═════ Records to use

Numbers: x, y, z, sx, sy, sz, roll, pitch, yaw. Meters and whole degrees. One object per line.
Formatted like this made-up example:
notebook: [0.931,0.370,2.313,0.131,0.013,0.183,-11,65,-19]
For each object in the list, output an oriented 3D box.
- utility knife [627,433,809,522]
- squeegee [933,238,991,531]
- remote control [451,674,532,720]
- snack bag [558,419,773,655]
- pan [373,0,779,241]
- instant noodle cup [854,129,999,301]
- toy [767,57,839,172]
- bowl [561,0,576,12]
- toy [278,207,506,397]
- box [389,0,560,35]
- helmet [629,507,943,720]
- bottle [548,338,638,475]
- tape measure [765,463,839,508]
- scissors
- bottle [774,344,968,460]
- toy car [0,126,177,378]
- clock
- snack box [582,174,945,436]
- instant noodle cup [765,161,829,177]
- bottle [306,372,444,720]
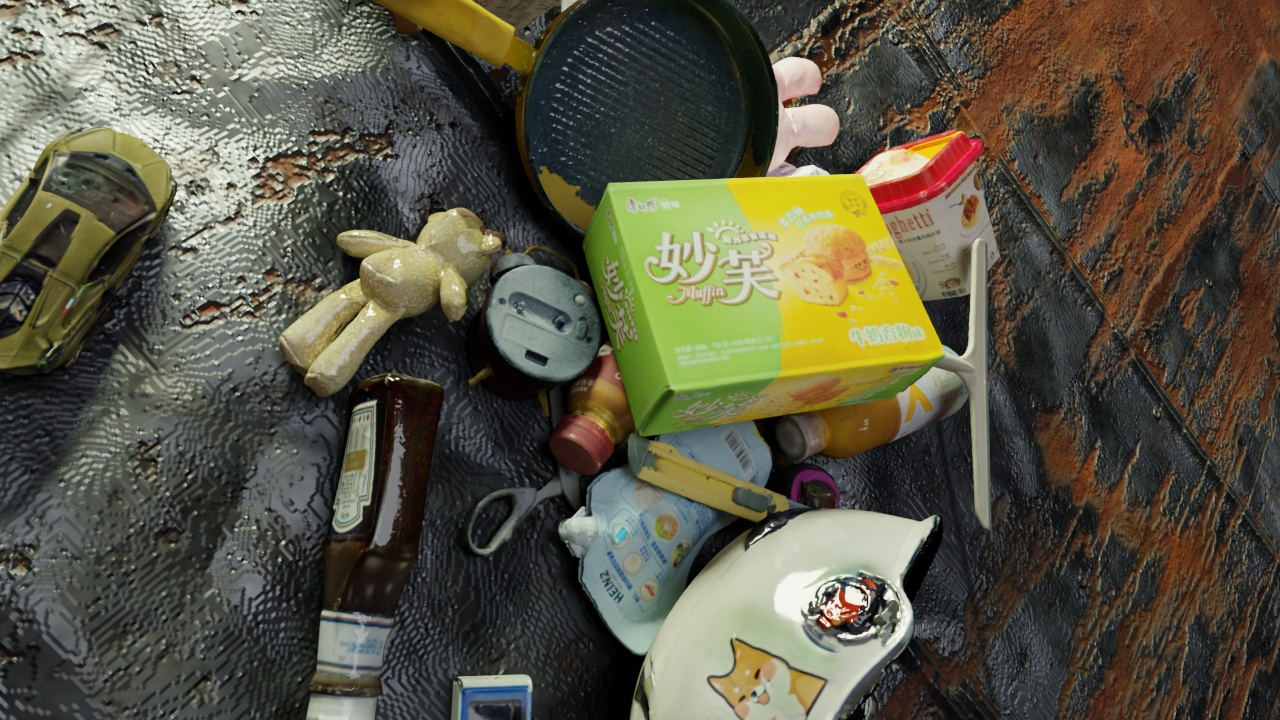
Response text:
utility knife: [0.075,0.097,0.660,0.216,0.022,0.031,24,85,-35]
squeegee: [0.176,-0.010,0.705,0.246,0.039,0.246,11,73,-16]
remote control: [-0.092,0.255,0.550,0.049,0.024,0.124,10,73,-30]
snack bag: [0.023,0.103,0.650,0.190,0.039,0.110,-43,115,-37]
pan: [-0.053,-0.190,0.611,0.357,0.078,0.198,19,100,-28]
instant noodle cup: [0.256,-0.125,0.830,0.116,0.117,0.124,-43,113,-33]
toy: [0.099,-0.215,0.781,0.159,0.054,0.121,-11,79,-29]
bowl: [0.004,-0.271,0.725,0.118,0.118,0.064,67,18,1]
toy: [-0.155,-0.040,0.578,0.105,0.066,0.156,28,58,26]
box: [-0.143,-0.331,0.608,0.174,0.152,0.182,-6,79,-51]
helmet: [0.082,0.206,0.582,0.157,0.230,0.273,16,64,17]
bottle: [-0.004,0.004,0.651,0.057,0.058,0.174,44,55,-14]
tape measure: [0.129,0.109,0.719,0.057,0.039,0.057,16,69,-28]
scissors: [-0.055,0.082,0.631,0.159,0.014,0.179,-6,77,-36]
bottle: [0.193,0.037,0.763,0.189,0.068,0.068,-18,86,-31]
toy car: [-0.312,-0.063,0.494,0.070,0.042,0.157,29,60,-23]
clock: [-0.071,-0.027,0.622,0.082,0.055,0.121,24,59,-20]
snack box: [0.082,-0.043,0.628,0.209,0.070,0.157,-7,64,-23]
instant noodle cup: [0.140,-0.083,0.770,0.137,0.060,0.173,-33,94,-34]
bottle: [-0.154,0.107,0.520,0.044,0.080,0.194,17,70,-33]

══════════

§ What you should do:
Please, from the entries above, set down exactly the lines from the one containing "- instant noodle cup [765,161,829,177]" through the one containing "- bottle [306,372,444,720]", and only those.

§ Task solution:
- instant noodle cup [765,161,829,177]
- bottle [306,372,444,720]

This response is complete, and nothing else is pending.